List_of_foo_dicts = Get_foo_from_bar_api()
Separate out those "concerns", into their own object/interface, and pass them into the class / function at invocation (Dependency Injection)
cs
public Value? Func(String arg) {
if (arg.IsEmpty()) {
return null;
}
if (this.Bar == null) {
return null;
}
// ...
return new Value();
/// instead of
if (!arg.IsEmpty) {
if (this.Bar != null) {
// ...
return new Value();
}
}
return null;
}
Add comments as you go
You got 3 letters?! Luck!
I worked at a japanese company whose engineers we're former NTT developers. Copypasta (i.e. not using functions), inefficient algos, single-letter var names, remote code execution from code as root, etc. good times!
Hey! This was my first real job. Is Matlab code written by physicists who just recently learned programming.
My first thought immediately was of academia also.
Honest question: would an LLM be able to write useful comments in code like this?
It would probably struggle to see the larger picture. I can see it being used to add comments in self-contained functions though without too much difficulty.
Honest question: would an LLM be able to write useful comments in code like this?
It can be better han nothing, but not really. The LLM faces the same challenge that any competent coder does: neither were present to learn the human, business and organization context when the code was first written.
use the LLM to generate regression tests for the large file, then start refactoring it
Well, I’m the only maintainer for my project, so ha! (I only have myself to blame.)
That just means my boss will have to do all the work. Ha, what an idiot. Wait… aw. 🙁
The next row would be "boss fires you thinking Claude can maintain the codebase."
At least there's a kind of happy ending when we walk past the old boss and don't toss a dollar into his pan-handling hat.
Those are amateur problems, real problems start when you are unable to run it or you don't have source code. Bonus, it's written in the in house language made by developer who left job or died - true story.
Oh God. Story time.
I had an important CICD pipeline that published a dinky little web-thing that was important for customer experience. The first line of the final docker file was from company-node:base. I had all the source code.
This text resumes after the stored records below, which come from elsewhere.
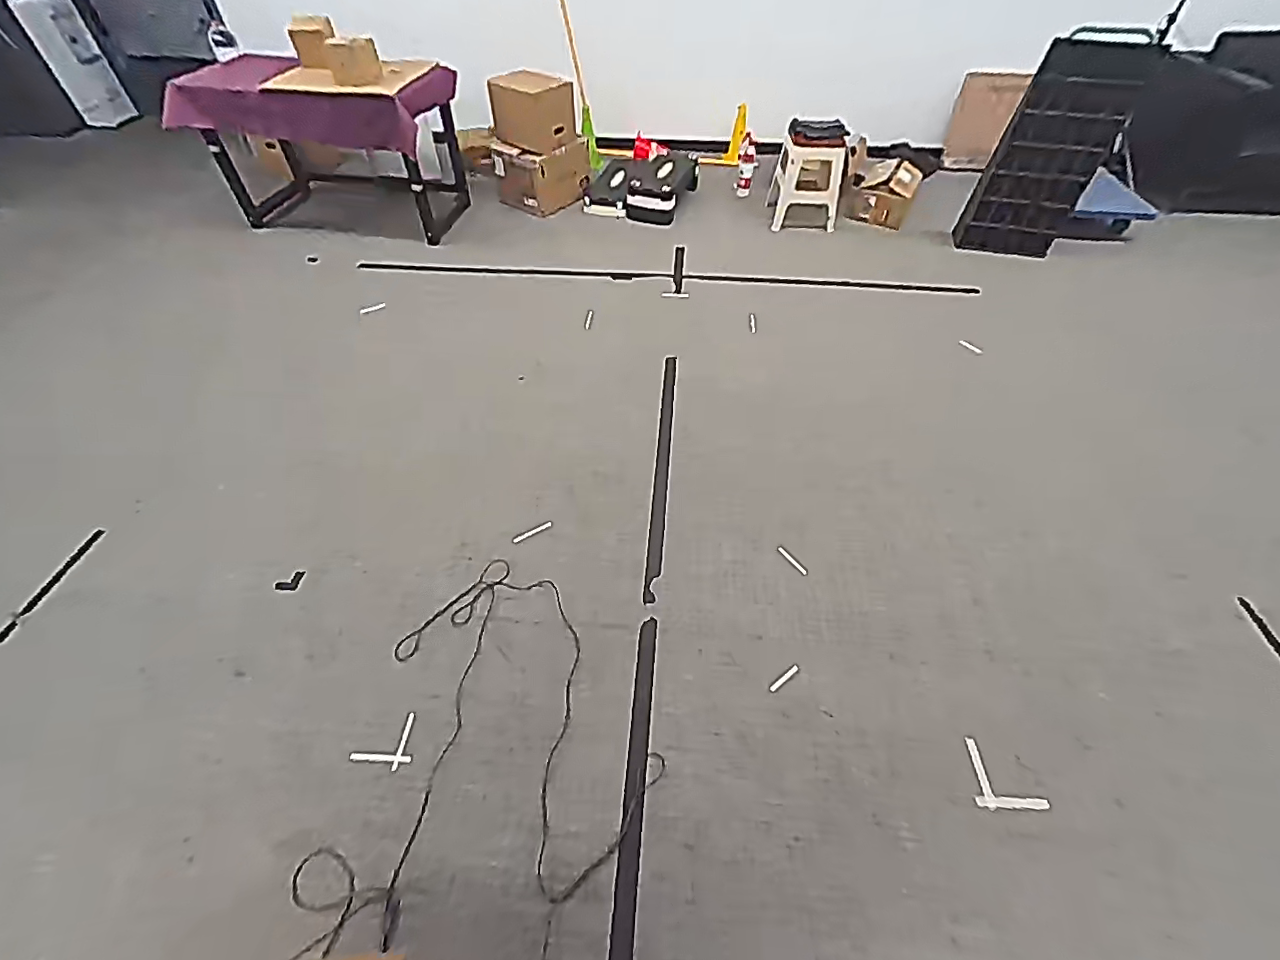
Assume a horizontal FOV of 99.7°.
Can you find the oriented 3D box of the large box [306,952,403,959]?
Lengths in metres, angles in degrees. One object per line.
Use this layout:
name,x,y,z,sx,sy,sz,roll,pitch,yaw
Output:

I had all the docker files. At no point was there ever a container named company-node let alone a tag of base.
The one and only version of this container was on the CICD server.
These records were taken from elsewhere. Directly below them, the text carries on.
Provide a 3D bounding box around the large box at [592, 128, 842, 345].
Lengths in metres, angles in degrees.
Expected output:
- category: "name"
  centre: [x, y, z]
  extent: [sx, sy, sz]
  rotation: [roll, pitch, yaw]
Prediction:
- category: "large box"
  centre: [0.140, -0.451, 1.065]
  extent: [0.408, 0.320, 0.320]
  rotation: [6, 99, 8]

This was me when I started working with my current full time job.
What a nightmare.
The team lead has spend the last two months writing a permissions library that nobody understands how to use or debug. He wrote it with Cthulhu at his side. Soon not even Cthulhu will understand it.
JavaScript developer in a strongly typed language decoding json into dictionaries with single letter keys.
Yeah, that was a fun job... at least the database tended to have some descriptive column names. They never lined up with the entity they mapped to, but it was better than nothing.
Jesus i worked at exactly this kind of project once. The only other dev was also very hostile and protective of this position. He did not want me there in the slightest. Took about 6 months before we cancelled the contract since this dude was just actively harrassing me in Teams DMs on the daily and he just ignored all my concerns regarding maintainability since "he could understand the code" and i was probably just "not experienced enough".
Don't downplay what this does to your mental health. 5 years of workplaces like this and I'm now starting to see a therapist due to exhaustion disorder symptoms in my goddamn 20s. Take care our there!
So infuriating when you have some dickhead making themselves unfireable by intentionally convoluting the codebase and chasing out any other hire. And even worse when management bought into it and think the guy's an actual irreplaceable genius.
Probably even believes it himself. I hate narcissists.